Retrieve the last record of each group using MySQL
P粉736935587
2023-08-20 11:48:53
<p>There is a table called <code>messages</code> that contains data like this: </p>
<pre class="brush:php;toolbar:false;">Id Name Other_Columns
--------------------------
1 A A_data_1
2 A A_data_2
3 A A_data_3
4 B B_data_1
5 B B_data_2
6 C C_data_1</pre>
<p>If I run the query <code>select * from messages group by name</code>, I get the following results: </p>
<pre class="brush:php;toolbar:false;">1 A A_data_1
4 B B_data_1
6 C C_data_1</pre>
<p>Which query will return the following results? </p>
<pre class="brush:php;toolbar:false;">3 A A_data_3
5 B B_data_2
6 C C_data_1</pre>
<p>That is, the last record in each group should be returned. </p>
<p>Currently, this is the query I use: </p>
<pre class="brush:php;toolbar:false;">SELECT
*
FROM (SELECT
*
FROM messages
ORDER BY id DESC) AS x
GROUP BY name</pre>
<p>But this seems inefficient. Are there any other ways to achieve the same result? </p>
UPD: 2017-03-31, MySQL version 5.7.5 has the ONLY_FULL_GROUP_BY switch enabled by default (therefore, non-deterministic GROUP BY queries are disabled). Additionally, they updated the GROUP BY implementation and the solution may no longer work as expected even with the switch disabled. An inspection is required.
Bill Karwin's solution works well when the number of items within the group is small, but the performance of the query becomes worse when the group is larger because the solution takes about
n*n/2 n/2timesIS NULLComparison.I tested on an InnoDB table containing
18684446rows and1182groups. This table contains test results for functional tests, and(test_id, request_id)is the primary key. Sotest_idis a group and I'm looking for the lastrequest_idfor eachtest_id.Bill's solution has been running on my Dell e4310 for a few hours now and I don't know when it will be complete, although it operates on a covering index (hence the
using indexshown in EXPLAIN ).I also have several solutions based on the same idea:
(group_id, item_value)pair in eachgroup_idis that of eachgroup_idThe last value, if we traverse the index in descending order, is the first value for eachgroup_id;3 ways MySQL uses indexes is a good article to learn some details.
Solution 1
This solution is very fast, taking about 0.8 seconds for my 18 million rows of data:
If you want to change the order to ascending order, put it into a subquery, return only the ID, and join it as a subquery with other columns:
SELECT test_id, request_id FROM ( SELECT test_id, MAX(request_id) AS request_id FROM testresults GROUP BY test_id DESC) as ids ORDER BY test_id;For my data, this solution takes about 1.2 seconds.
Solution 2
Here is another solution, for my table it takes about 19 seconds:
It also returns test results in descending order. It's slower because it does a full index scan, but it can give you an idea of how to output the N maximum rows for each group.

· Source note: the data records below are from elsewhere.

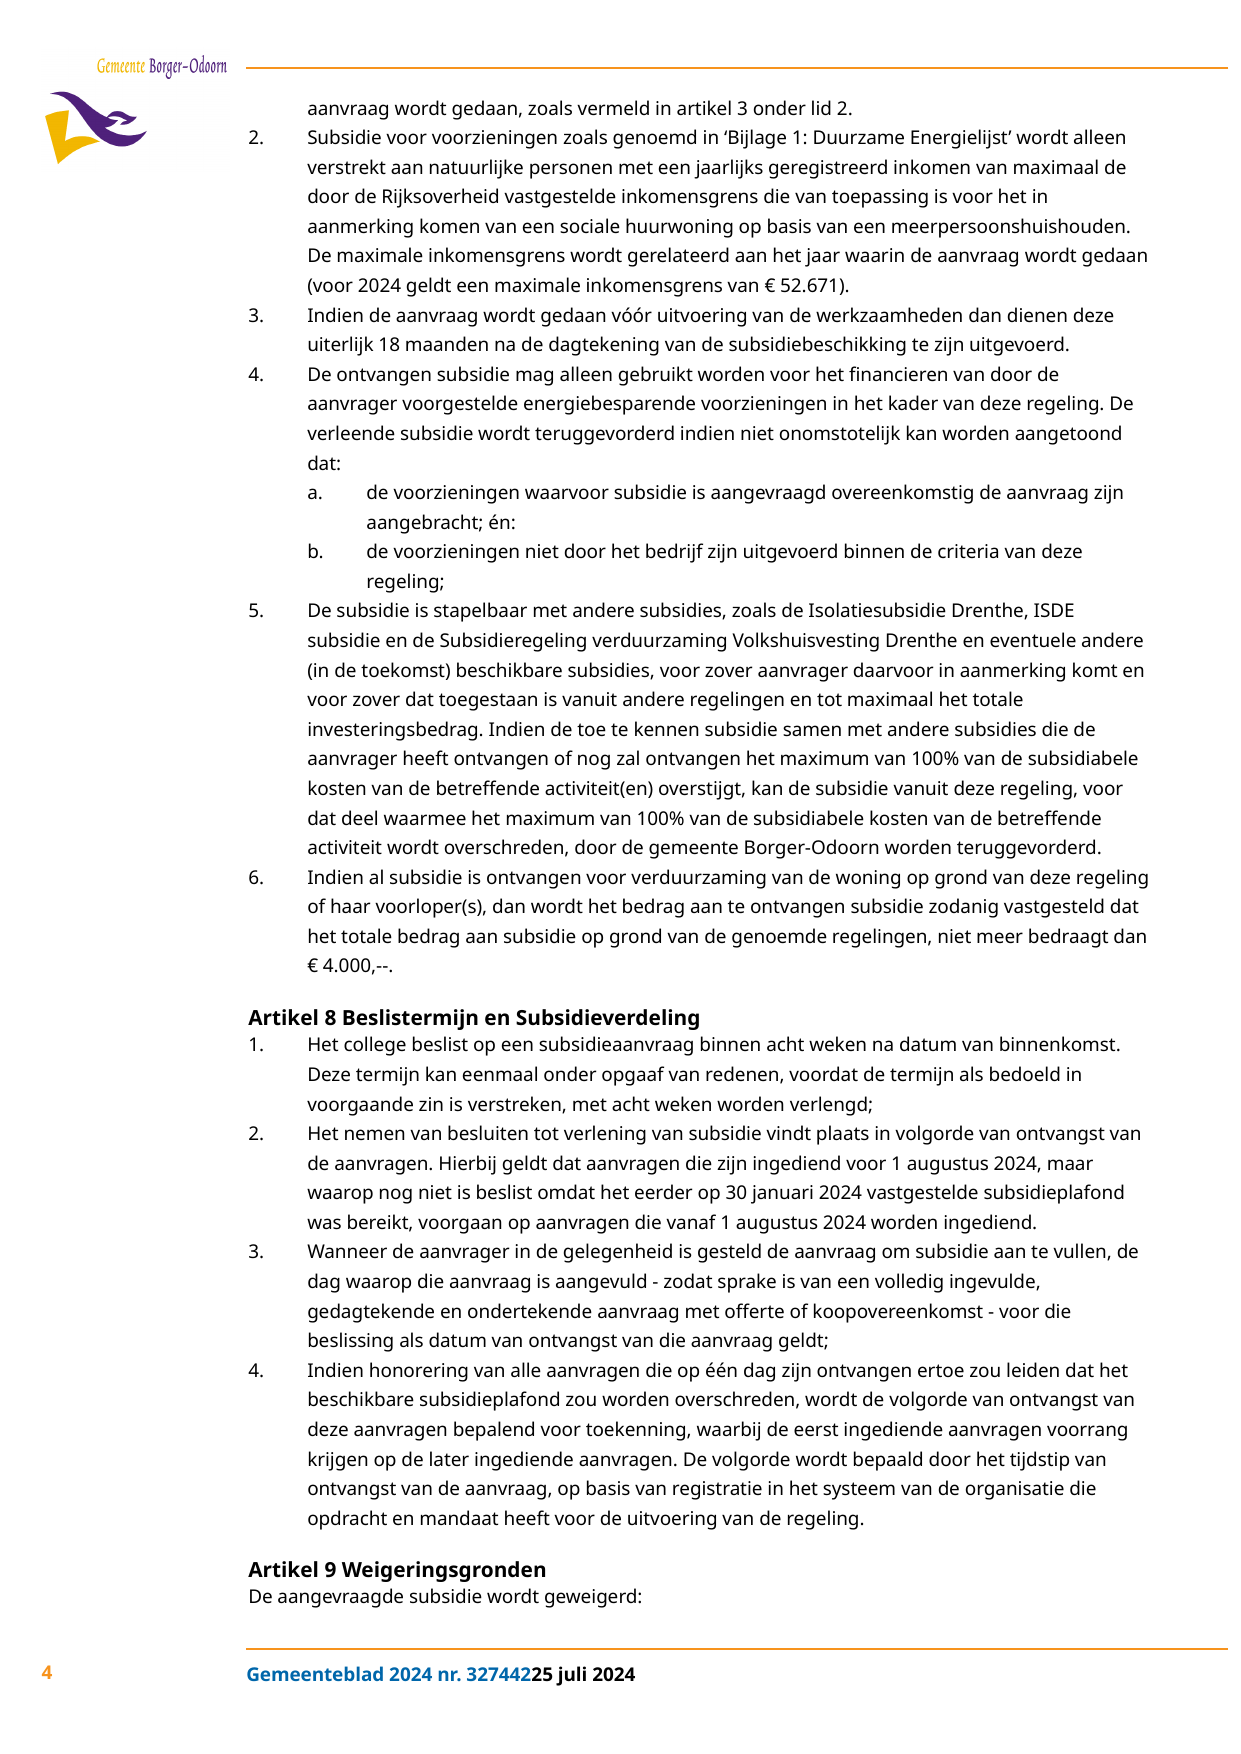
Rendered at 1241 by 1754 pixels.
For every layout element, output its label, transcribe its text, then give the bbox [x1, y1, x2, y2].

text Artikel 8 Beslistermijn en Subsidieverdeling [248, 1003, 1152, 1032]
list De ontvangen subsidie mag alleen gebruikt worden voor het financieren van door de aanvrager voorgestelde energiebesparende voorzieningen in het kader van deze regeling. De verleende subsidie wordt teruggevorderd indien niet onomstotelijk kan worden aangetoond dat: [248, 361, 1152, 476]
list De subsidie is stapelbaar met andere subsidies, zoals de Isolatiesubsidie Drenthe, ISDE subsidie en de Subsidieregeling verduurzaming Volkshuisvesting Drenthe en eventuele andere (in de toekomst) beschikbare subsidies, voor zover aanvrager daarvoor in aanmerking komt en voor zover dat toegestaan is vanuit andere regelingen en tot maximaal het totale investeringsbedrag. Indien de toe te kennen subsidie samen met andere subsidies die de aanvrager heeft ontvangen of nog zal ontvangen het maximum van 100% van de subsidiabele kosten van de betreffende activiteit(en) overstijgt, kan de subsidie vanuit deze regeling, voor dat deel waarmee het maximum van 100% van de subsidiabele kosten van de betreffende activiteit wordt overschreden, door de gemeente Borger-Odoorn worden teruggevorderd. [248, 598, 1152, 860]
list Indien de aanvraag wordt gedaan vóór uitvoering van de werkzaamheden dan dienen deze uiterlijk 18 maanden na de dagtekening van de subsidiebeschikking te zijn uitgevoerd. [248, 302, 1152, 357]
text Artikel 9 Weigeringsgronden [248, 1555, 1152, 1584]
list aanvraag wordt gedaan, zoals vermeld in artikel 3 onder lid 2. [248, 95, 1152, 121]
picture [41, 47, 231, 172]
list Wanneer de aanvrager in de gelegenheid is gesteld de aanvraag om subsidie aan te vullen, de dag waarop die aanvraag is aangevuld - zodat sprake is van een volledig ingevulde, gedagtekende en ondertekende aanvraag met offerte of koopovereenkomst - voor die beslissing als datum van ontvangst van die aanvraag geldt; [248, 1239, 1152, 1353]
list de voorzieningen niet door het bedrijf zijn uitgevoerd binnen de criteria van deze regeling; [307, 538, 1152, 594]
list Indien honorering van alle aanvragen die op één dag zijn ontvangen ertoe zou leiden dat het beschikbare subsidieplafond zou worden overschreden, wordt de volgorde van ontvangst van deze aanvragen bepalend voor toekenning, waarbij de eerst ingediende aanvragen voorrang krijgen op de later ingediende aanvragen. De volgorde wordt bepaald door het tijdstip van ontvangst van de aanvraag, op basis van registratie in het systeem van de organisatie die opdracht en mandaat heeft voor de uitvoering van de regeling. [248, 1357, 1152, 1531]
list Subsidie voor voorzieningen zoals genoemd in ‘Bijlage 1: Duurzame Energielijst’ wordt alleen verstrekt aan natuurlijke personen met een jaarlijks geregistreerd inkomen van maximaal de door de Rijksoverheid vastgestelde inkomensgrens die van toepassing is voor het in aanmerking komen van een sociale huurwoning op basis van een meerpersoonshuishouden. De maximale inkomensgrens wordt gerelateerd aan het jaar waarin de aanvraag wordt gedaan (voor 2024 geldt een maximale inkomensgrens van € 52.671). [248, 124, 1152, 298]
list Het college beslist op een subsidieaanvraag binnen acht weken na datum van binnenkomst. Deze termijn kan eenmaal onder opgaaf van redenen, voordat de termijn als bedoeld in voorgaande zin is verstreken, met acht weken worden verlengd; [248, 1032, 1152, 1116]
list de voorzieningen waarvoor subsidie is aangevraagd overeenkomstig de aanvraag zijn aangebracht; én: [307, 479, 1152, 535]
list Het nemen van besluiten tot verlening van subsidie vindt plaats in volgorde van ontvangst van de aanvragen. Hierbij geldt dat aanvragen die zijn ingediend voor 1 augustus 2024, maar waarop nog niet is beslist omdat het eerder op 30 januari 2024 vastgestelde subsidieplafond was bereikt, voorgaan op aanvragen die vanaf 1 augustus 2024 worden ingediend. [248, 1120, 1152, 1235]
list Indien al subsidie is ontvangen voor verduurzaming van de woning op grond van deze regeling of haar voorloper(s), dan wordt het bedrag aan te ontvangen subsidie zodanig vastgesteld dat het totale bedrag aan subsidie op grond van de genoemde regelingen, niet meer bedraagt dan € 4.000,--. [248, 864, 1152, 978]
text De aangevraagde subsidie wordt geweigerd: [248, 1584, 1152, 1609]

The disadvantage of this query is that its results cannot be cached by the query.
MySQL 8.0 now supports window functions, as are nearly all popular SQL implementations. Using this standard syntax, we can write a max-n-per-group query:
The MySQL manual demonstrates this method and other methods of finding the grouped largest row.
The following is the original answer I wrote for this question in 2009:
I wrote the solution like this:
Regarding performance, depending on the nature of the data, one of the solutions may be better. Therefore, you should test both queries and choose the better one based on the performance of your database.
For example, I have a copy of the StackOverflow August data dump. I will use it for benchmarking. There are 1,114,357 rows of data in the
Poststable. This is running MySQL 5.0.75 on my Macbook Pro 2.40GHz.I will write a query to find the latest posts for a given user ID (mine).
First used Eric's technique of using
GROUP BYin a subquery:SELECT p1.postid FROM Posts p1 INNER JOIN (SELECT pi.owneruserid, MAX(pi.postid) AS maxpostid FROM Posts pi GROUP BY pi.owneruserid) p2 ON (p1.postid = p2.maxpostid) WHERE p1.owneruserid = 20860; 1行结果(1分17.89秒)Even
EXPLAINAnalysis takes more than 16 seconds:Now using
LEFT JOINUsing MY TECHNIQUEproduces the same query results:EXPLAINAnalysis shows that both tables can use their indexes:This is the DDL for my
Poststable:Commenter Note: If you want to run another benchmark using a different version of MySQL, a different data set, or a different table design, feel free to do it yourself. I've demonstrated the above technique. The purpose of Stack Overflow is to show you how to do software development work, not to do all the work for you.